From the line containing "Numbers: x, y, z, sx, sy, sz, roll, pitch, yaw. Meters" to the last line of the listing, transcribe exactly and add nothing else; keep both ends and omit pictures.

↓

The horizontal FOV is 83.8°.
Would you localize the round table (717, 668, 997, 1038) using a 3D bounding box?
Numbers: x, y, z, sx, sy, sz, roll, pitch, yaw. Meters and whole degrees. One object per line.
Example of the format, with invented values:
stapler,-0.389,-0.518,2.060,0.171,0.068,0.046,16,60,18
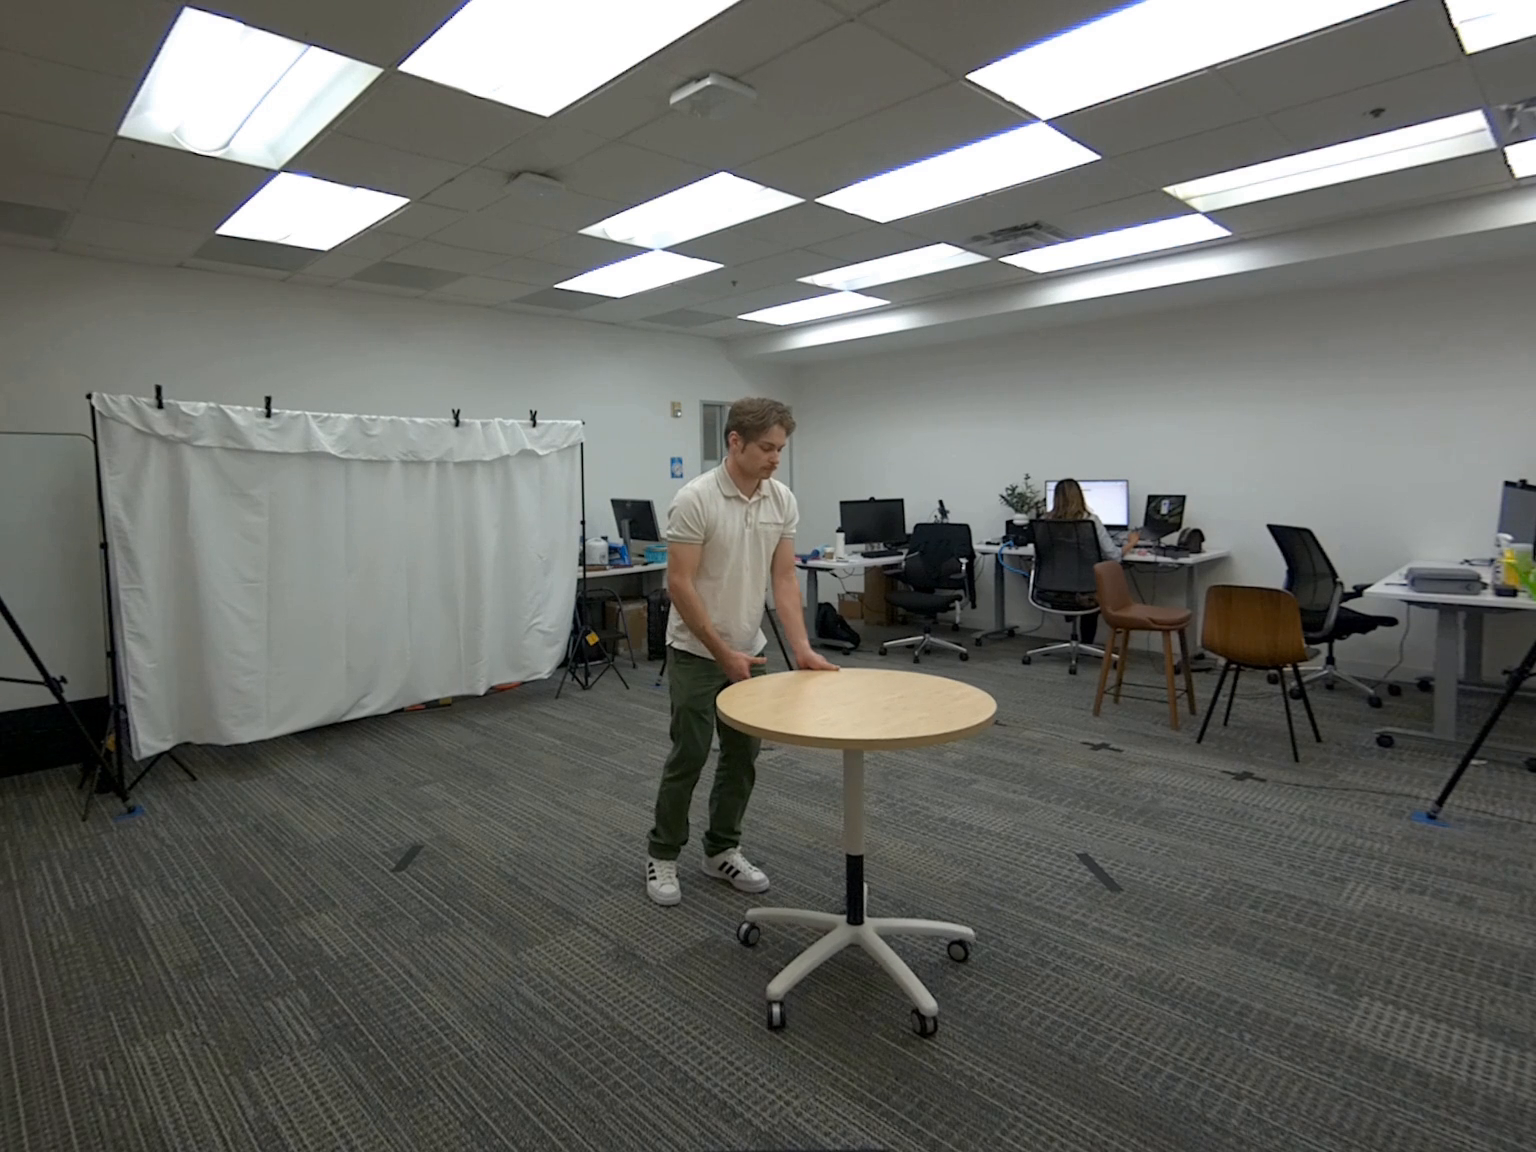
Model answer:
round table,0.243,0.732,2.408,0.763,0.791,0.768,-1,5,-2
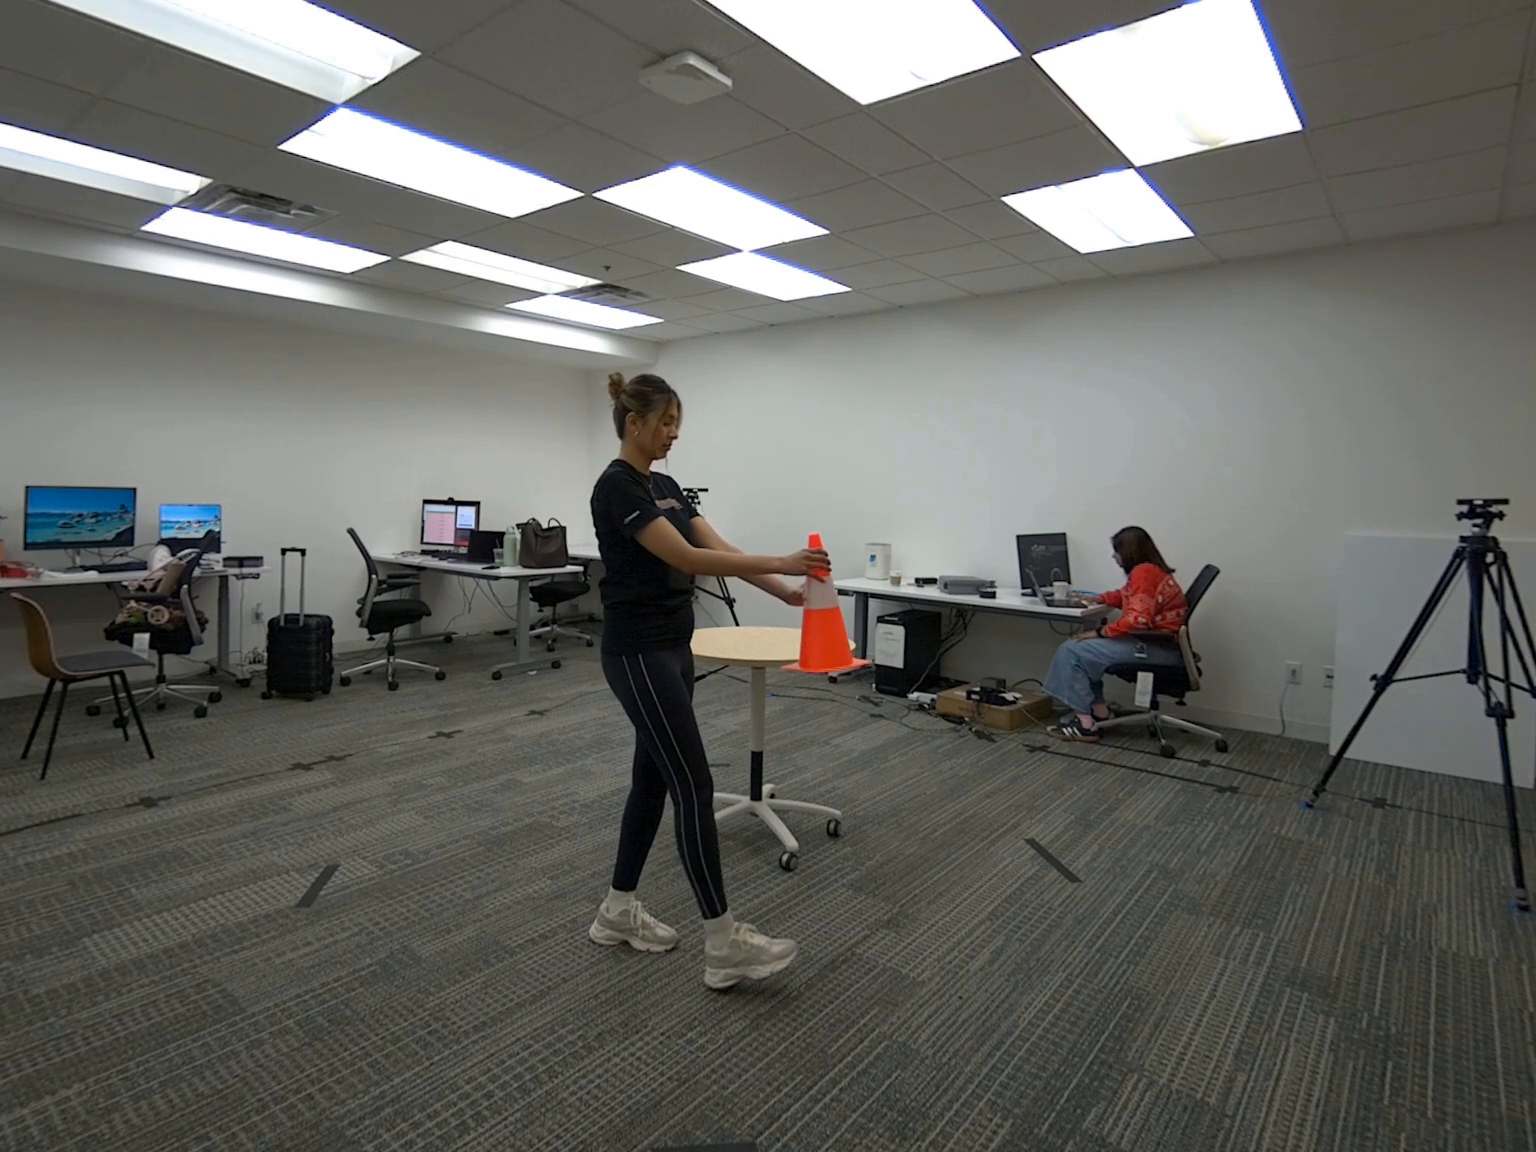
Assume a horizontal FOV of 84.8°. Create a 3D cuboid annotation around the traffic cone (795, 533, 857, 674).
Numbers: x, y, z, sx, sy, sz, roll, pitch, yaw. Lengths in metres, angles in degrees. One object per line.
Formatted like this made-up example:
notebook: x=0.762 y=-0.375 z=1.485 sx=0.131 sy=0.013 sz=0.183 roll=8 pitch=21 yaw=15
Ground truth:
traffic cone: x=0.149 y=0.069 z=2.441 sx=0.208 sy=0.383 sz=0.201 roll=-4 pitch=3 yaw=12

↑

YOUR SOLUTION.
Numbers: x, y, z, sx, sy, sz, roll, pitch, yaw. Meters and whole degrees. One object per line.
Example of the format, with invented values:
stapler,-0.389,-0.518,2.060,0.171,0.068,0.046,16,60,18
Model answer:
round table,0.243,0.732,2.408,0.763,0.791,0.768,-1,5,-2
Assume a horizontal FOV of 84.8°. Create a 3D cuboid annotation around the traffic cone (795, 533, 857, 674).
Numbers: x, y, z, sx, sy, sz, roll, pitch, yaw. Lengths in metres, angles in degrees. One object per line.
Formatted like this made-up example:
notebook: x=0.762 y=-0.375 z=1.485 sx=0.131 sy=0.013 sz=0.183 roll=8 pitch=21 yaw=15
Ground truth:
traffic cone: x=0.149 y=0.069 z=2.441 sx=0.208 sy=0.383 sz=0.201 roll=-4 pitch=3 yaw=12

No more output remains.